■ EXERCISE MATERIALS
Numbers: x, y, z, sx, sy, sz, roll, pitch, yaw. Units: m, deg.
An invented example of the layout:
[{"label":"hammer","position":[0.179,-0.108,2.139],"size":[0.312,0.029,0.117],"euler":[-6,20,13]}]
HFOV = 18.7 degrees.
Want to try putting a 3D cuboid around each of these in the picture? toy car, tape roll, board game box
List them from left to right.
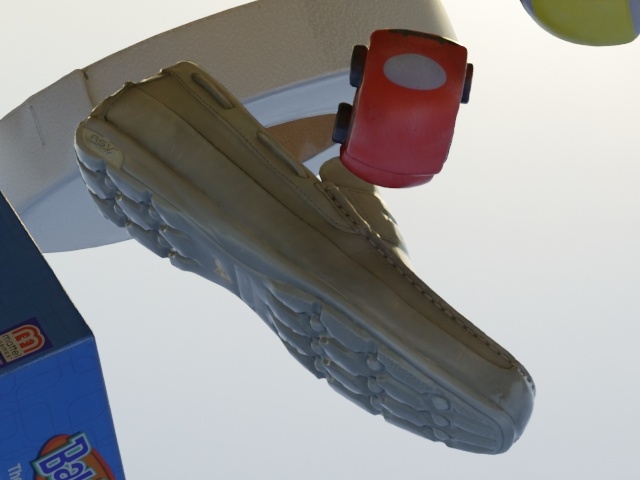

■ THE TASK
Return each line of the material above that holds the string "roll".

■ OUTPUT FOR THIS TASK
Numbers: x, y, z, sx, sy, sz, roll, pitch, yaw. Units: m, deg.
Want to try putting a 3D cuboid around each of these in the picture? toy car, tape roll, board game box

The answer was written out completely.